By Matthew Zarb-Cousin / @matt_zarbcousin
Yesterday we learnt from the government that Britain will contribute £7bn towards the £70bn Irish bailout fund. Economically, it is of course in Britain’s interest that the Irish economy grows, as George Osborne rightly asserted ahead of a meeting of European Union finance ministers:
“Ireland is our closest neighbour and it’s in Britain’s national interest that the Irish economy is successful and we have a stable banking system.”
Ireland is Britain’s fifth biggest trading partner, receiving around 7% of Britain’s exports.
What is interesting is how the coalition borrowing £7bn fits into the “there’s no money left” narrative, which has become their self-appointed mandate to shrink the state. The cuts Britain are being exposed to have hit consumer confidence and are a factor in slowing economic growth, as David Blanchflower argued in the New Statesman:
“The Nationwide consumer confidence index, which had picked up slightly in August from 57 to 61, collapsed to 53 in September. The expectations index has fallen by 47 points to 73 since February 2010, suggesting a growing anxiety among consumers about the strength of the recovery and their personal finances.”
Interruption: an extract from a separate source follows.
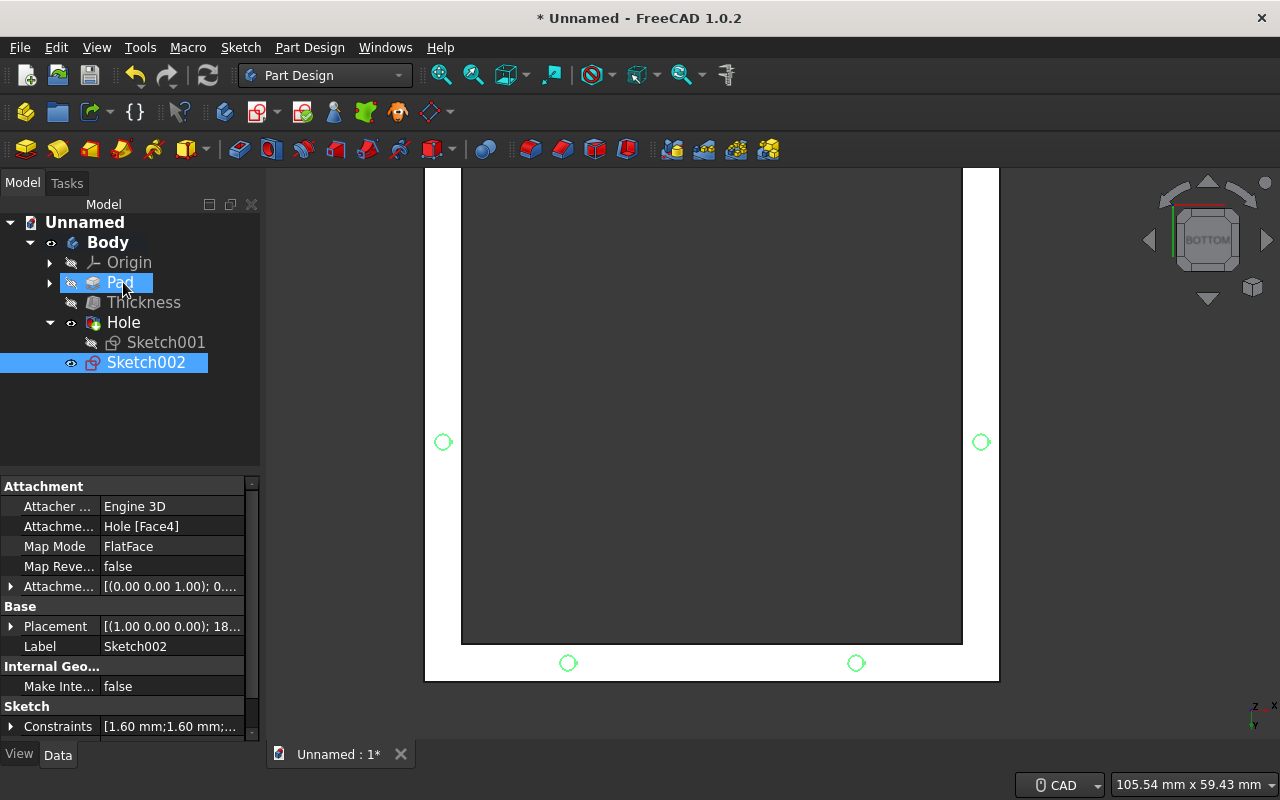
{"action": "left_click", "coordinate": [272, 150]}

The coalition could harm economic growth with a very risky macro-economic experiment, intimating that there is “no alternative to cuts”. I am frankly astonished that no journalists have picked up on the blatant hypocrisy, then, when it comes to bailing out Ireland (which is the right thing to be doing, let me make that clear). Ireland are running up a very large deficit in order to stimulate economic growth, as their policy of cutting their way out of a recession didn’t work (take note: David and George), but we are constantly told that this is bad practice. Running up a deficit in a recession, as Keynes argued, is a good strategy to stimulate growth and prevent the onset of an economic depression.
The latter point worth noting is that borrowing £7bn to spend on the Irish economy, which is what the government is essentially doing, is a snapshot of what Labour would be doing domestically right now.
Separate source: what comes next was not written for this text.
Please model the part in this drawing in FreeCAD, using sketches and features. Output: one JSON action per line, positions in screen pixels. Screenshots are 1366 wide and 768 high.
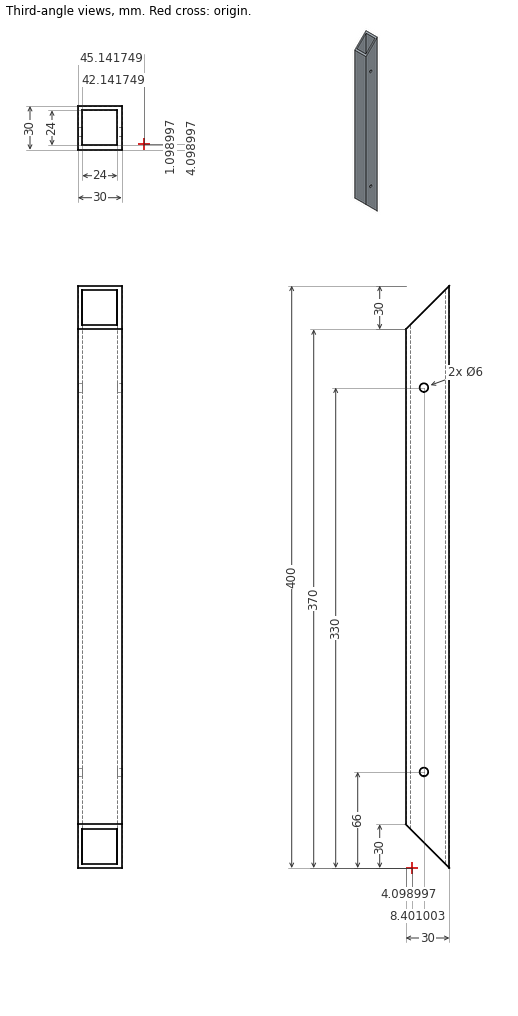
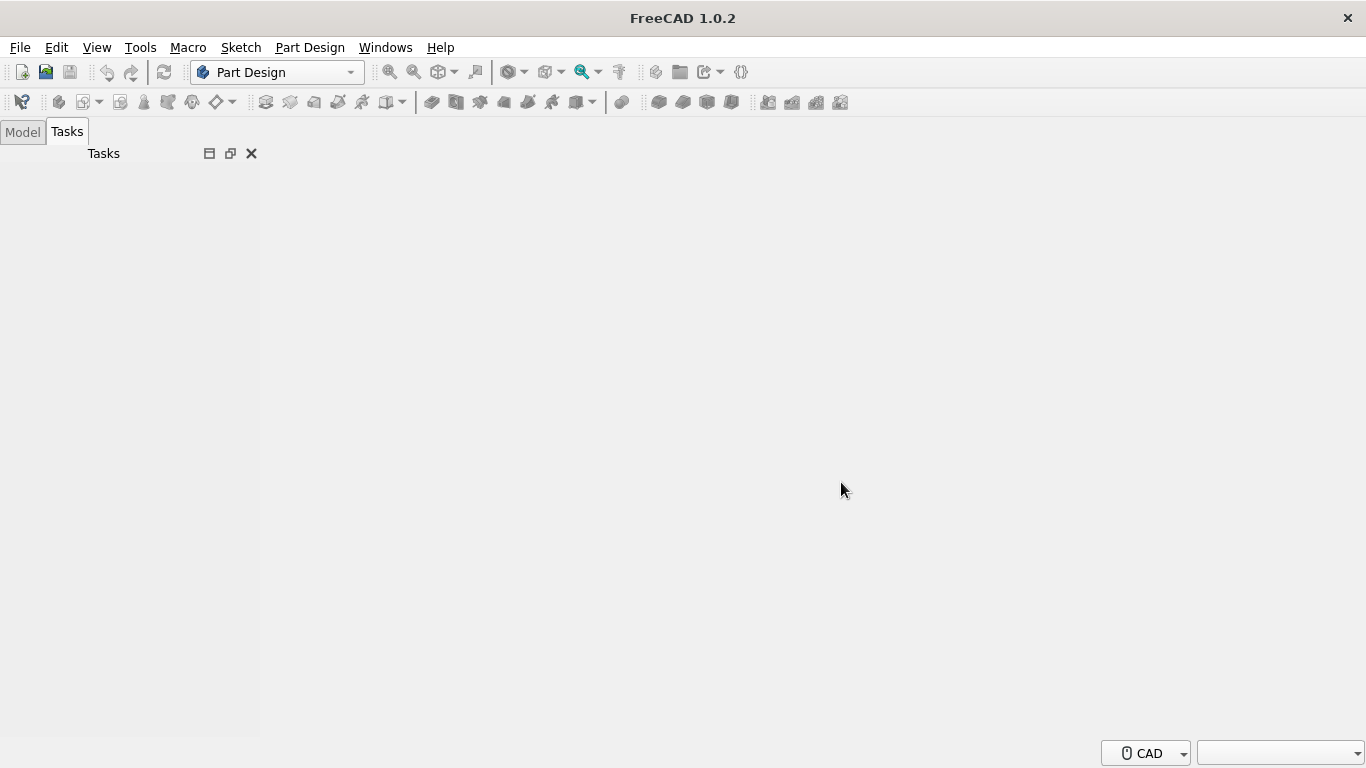
{"action": "left_click", "coordinate": [22, 72]}

George Osborne and David Cameron seem to realise how international, globalised markets work, and how countries are interdependent, but are not prepared to acknowledge the knock on effect that cutting 490,000 jobs in the public sector will have, as more jobs are cut in the private sector – PwC estimate 510,000 – and a substantial amount of demand is taken out of the economy, potentially slowing growth or causing another recession. We need revenue from a growing economy in order to pay off the deficit, and our economies are interdependent so bailing out Ireland is the right thing to be doing. It’s just a shame they don’t want to invest in growth here, too.